Apparently, the law forms a core modus operandi of forensic accountants in their search for cooked books, and has been instrumental in unearthing some major financial frauds. According to ANZ, while China’s GDP data conformed to Benford’s Law from 1949 to 2011, in the period since then, they have not.

The inference is that the data has been rounded up to achieve a higher first digit in the data. So, while Benford’s Law as applied to second digits predicts that the numbers 7, 8 and 9 are more likely to appear than zero or 1, 2, 3 or 4, when it comes to China’s GDP data, the lower second digits are more frequent. And improbably so, according to that law. 

It’s become a piece of received wisdom that social unrest will ensue if China’s growth falls below 7%. I’m not sure where the science underlying that nugget comes from, but you get the idea. If the observations regarding China’s GDP data and conformity to Benford’s Law are sound, should growth look like it’s falling below that psychologically significant 7% level, we’re likely to get a 7.1% rather than 6.9%.

Perhaps unsurprisingly, recent research on economic data released by European Union member states points out that Greece’s data do not comply with Benford’s Law, and the European Commission suspects it may have been manipulated. Does any of this matter? Well, data move markets and comforting – but false – data can buy you breathing room from a day of reckoning.

I RECALL READING Gordon Chang’s The Coming Collapse of China about a decade ago. The author argued in the book that non-performing loans in China’s banking system would bring about the country’s financial collapse. If any of us – mainland Chinese included – had followed that advice we would have missed out on some of the juiciest investment returns available in global financial markets over that period.

Late last year, Chang claimed in an interview that China’s GDP growth rate in the third quarter had been overstated, and was closer to zero rather than the 7.4% that the Chinese authorities had reported. He based this view on weak China purchasing managers’ data and slow electricity production across the country. That was a bold claim and light years away from parsing the data using Benford’s Law. Who knows whether uber China bear Chang will eventually, like the proverbial stopped clock, be right?

But in his interview he also drew attention to something a Hong Kong-based banker mate of mine has been banging on about for years: civil unrest in the country. He says that there are about 500 serious incidents of civil unrest every day in China and they go unreported. Chang reckons there are 200,000 such incidents every year and that the Beijing central government has ceased to produce statistics on civil unrest due to the sheer number of the incidents.
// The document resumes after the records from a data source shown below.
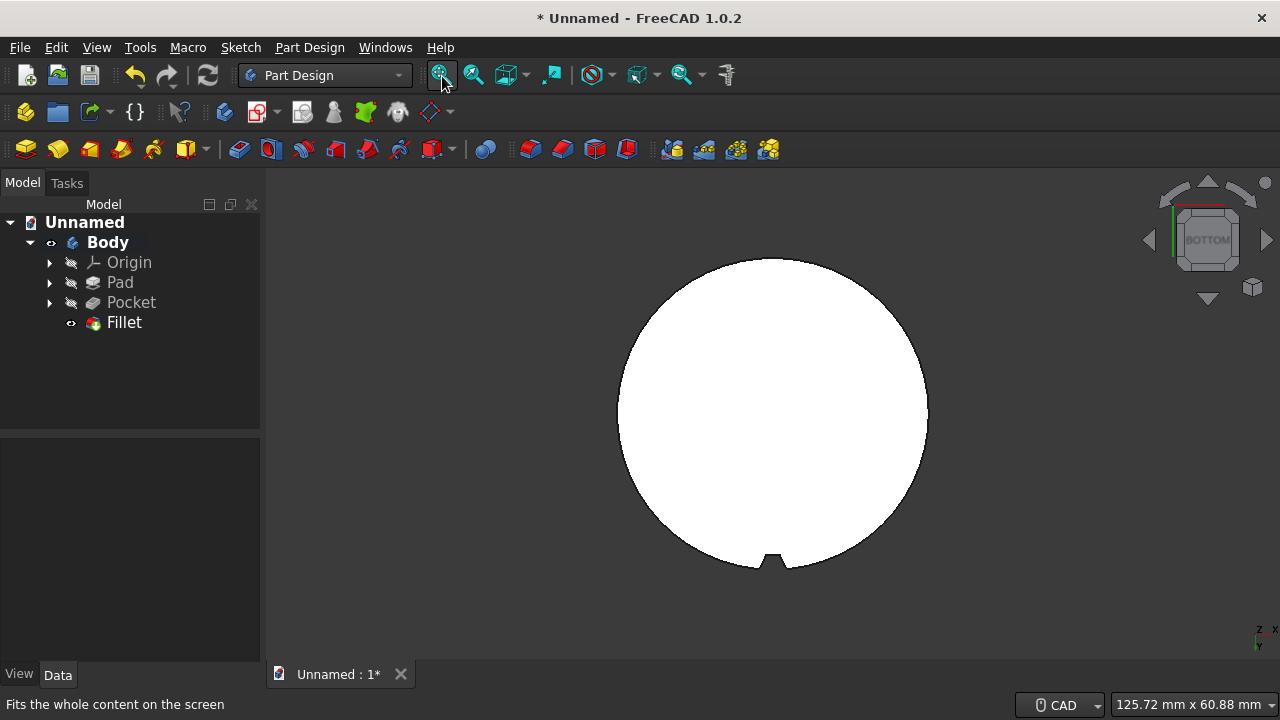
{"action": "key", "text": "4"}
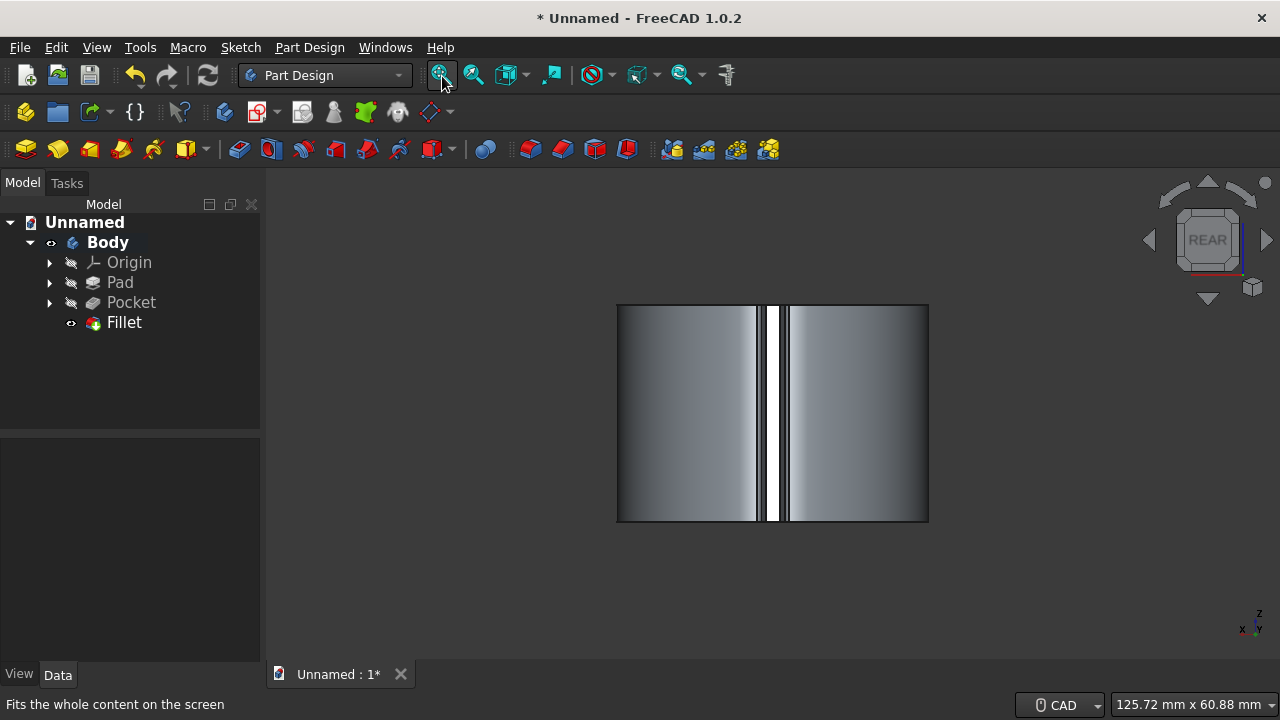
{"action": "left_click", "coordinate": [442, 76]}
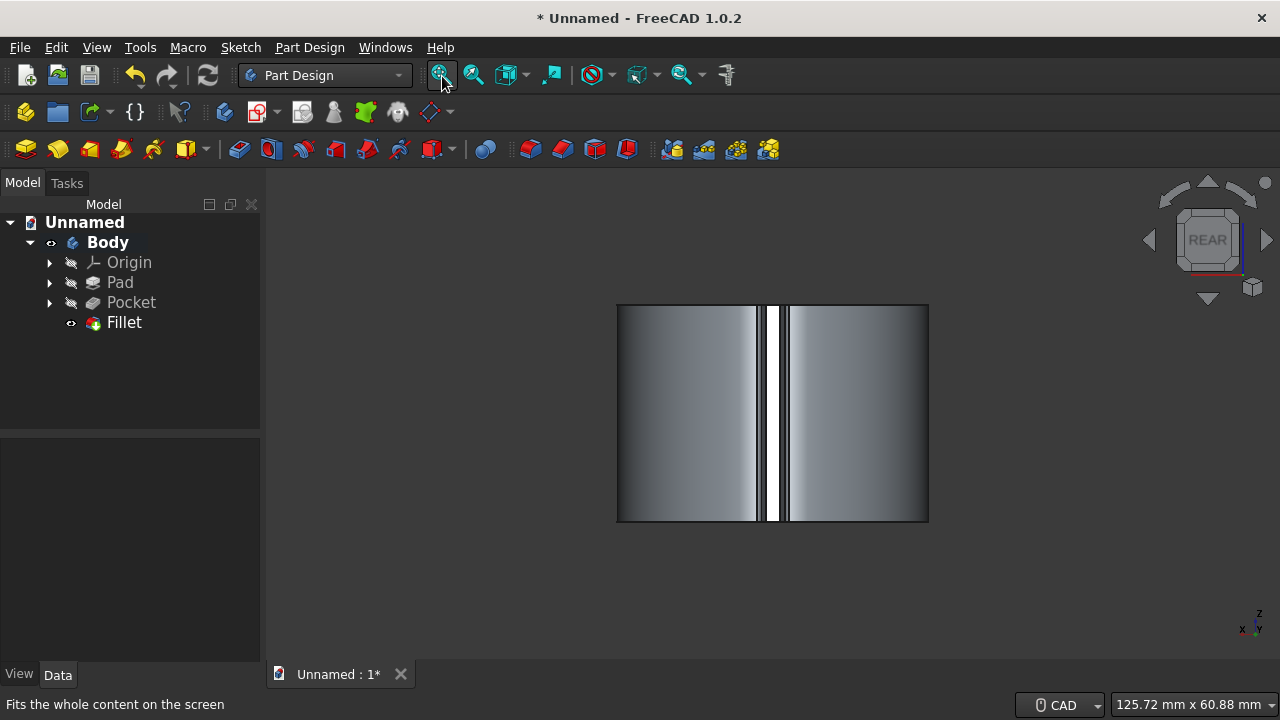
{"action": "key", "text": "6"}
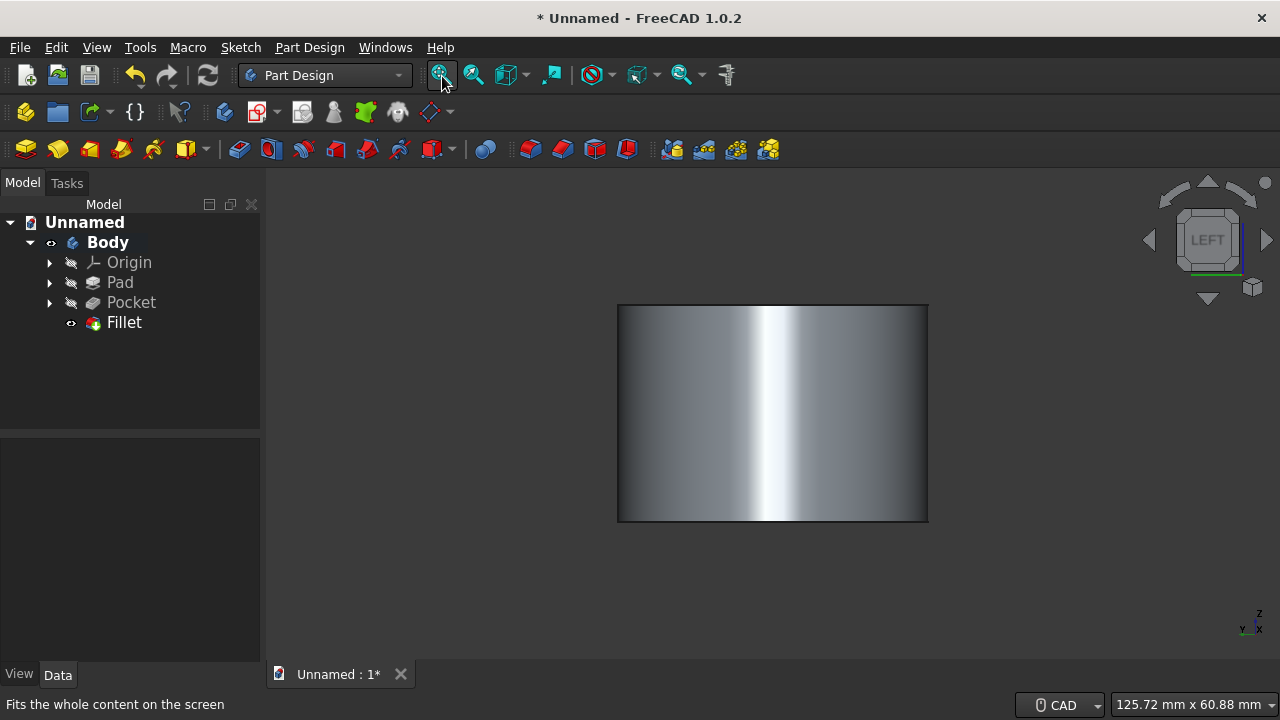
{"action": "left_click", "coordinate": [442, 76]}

CHINA’S NATIONAL BUREAU of Statistics last week released for the first time in over a decade the country’s Gini coefficient, a measure of the economic inequality between a country’s social groups. The higher the number, the higher the inequality. According to the NBS, the coefficient was 0.474 last year, down from 0.477 in 2011 and below the decade’s high of 0.491 registered in 2008. I’m tempted to invite a Benford’s Law analysis of this data, but I won’t.
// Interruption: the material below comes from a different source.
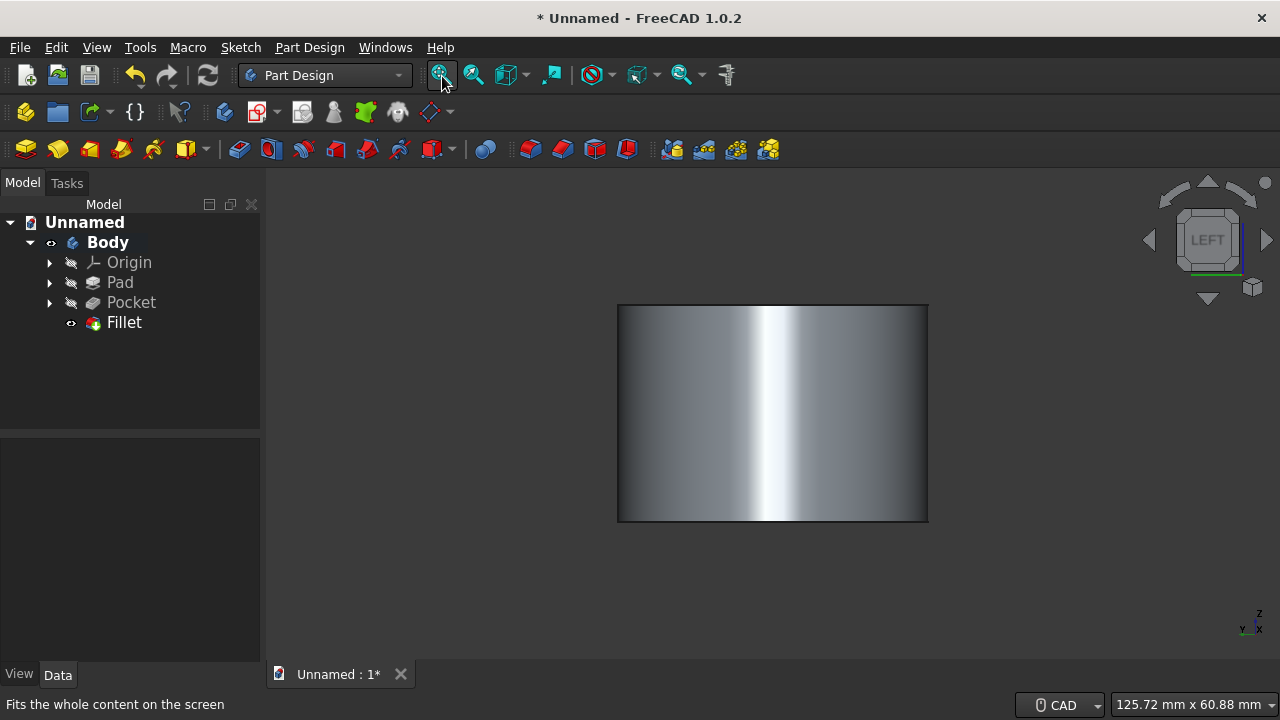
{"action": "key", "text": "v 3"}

I will, however, point to the official news release made by the Xinhua news agency early last month which signalled a move on the part of the Chinese authorities that had more than a whiff of North Korea about it. The agency announced that the country’s 34 satellite TV channels would have their entertainment programming reduced by two thirds.

Meanwhile each station would have to broadcast at least two hours of news programming a day. The State Administration of Radio, Film and Television decried programming that was deemed “excessive entertainment” or of “low taste”. The Xinhua release mentioned the promotion of “traditional virtues” and “core socialist values”.

I wonder if there is any connection between rising civil unrest in China and this new focus on virtues and values. Just as I wonder whether the country’s GDP data is any more reliable than the numbers trundled out of Greece and other weak EU states that help when it comes to accomplishing goals. In the latter case by facilitating the transfer of budgetary largess, in China’s by keeping the market sweet.

It might just be that the failure of China’s GDP data to conform to Benford’s Law is an indicator that the real numbers are rather different from the official numbers. Rising civil unrest might also indicate that they are, if the received wisdom is right.